We Try to Invest with System 2
When investing, we must be continually on guard against the biases that System 1 can introduce into our analysis. Just because a decision feels right and is easy to make, it doesn’t mean it’s the correct one. Furthermore, even after taking the time to analyze a problem using System 2, the resulting decision can still feel like the wrong one, causing us to emotionally second-guess our conclusions.
For example, we have written previously about the meteoric rise of technology stocks in the U.S. There was a point in time that whenever we saw a news report about the FANG stocks (Facebook, Amazon.com, Netflix, and Google) setting new highs, we would immediately write that news off as another sign that tech stocks were overvalued. We would look at the valuations of some of these companies – 165x price-to-earnings (“P/E”) ratio for Netflix or a $1 trillion market cap for Amazon – and scoff that there was no way the fundamentals supported how richly the market was valuing the companies.
But then we paused for a moment and began to think about just how dominant some of these companies are – specifically Google (or, more accurately, its parent company Alphabet Inc.). We realized we were making an emotional, knee-jerk reaction about Alphabet’s shares, and this reaction could be misguided. Although its trailing P/E ratio looked high at 32x, we knew there were several adjustments that had to be made to make this ratio a more accurate reflection of reality. So we took a couple of weeks and had a deeper look at the company, debated what its future growth was going to look like, and created a financial model that captured our estimates. The result? Alphabet isn’t nearly as expensive as we originally thought. In fact, it’s only a modestly-sized pullback away from looking downright cheap.

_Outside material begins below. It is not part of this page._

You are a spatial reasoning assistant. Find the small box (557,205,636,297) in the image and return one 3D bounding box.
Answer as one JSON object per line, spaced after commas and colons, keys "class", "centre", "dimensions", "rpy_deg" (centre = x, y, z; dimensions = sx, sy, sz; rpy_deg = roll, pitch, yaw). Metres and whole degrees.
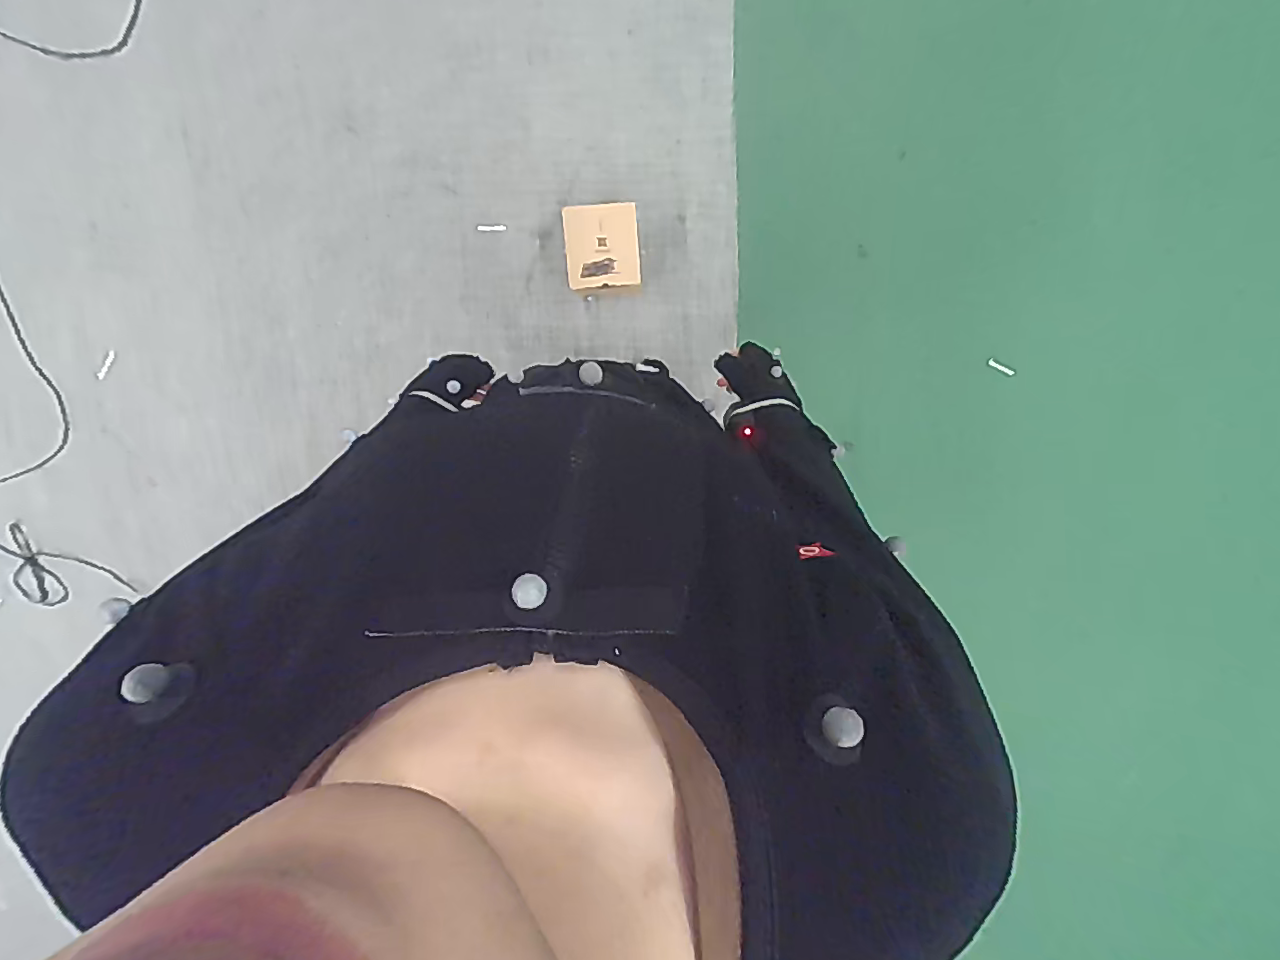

That said, people can make a lot of money by relying solely on System 1 decisions. Jumping on the Bitcoin euphoria this time last year or tech-boom enthusiasm in 1998 would have made anyone rich in the short-term. But the trick to monetizing these emotional gains is to head for the exits before everyone else does. And this requires anticipating when the rest of the market will stop relying on using their System 1 and begin using their System 2.
Until such time that we develop an accurate model for anticipating the market’s System 1 responses, we’re going to continue to rely on the laborious, logical, and slow System 2 mode of decision making. It may not result in as many fleeting moments of euphoria, but over the long-term we believe that it is the most repeatable way to make correct investment decisions.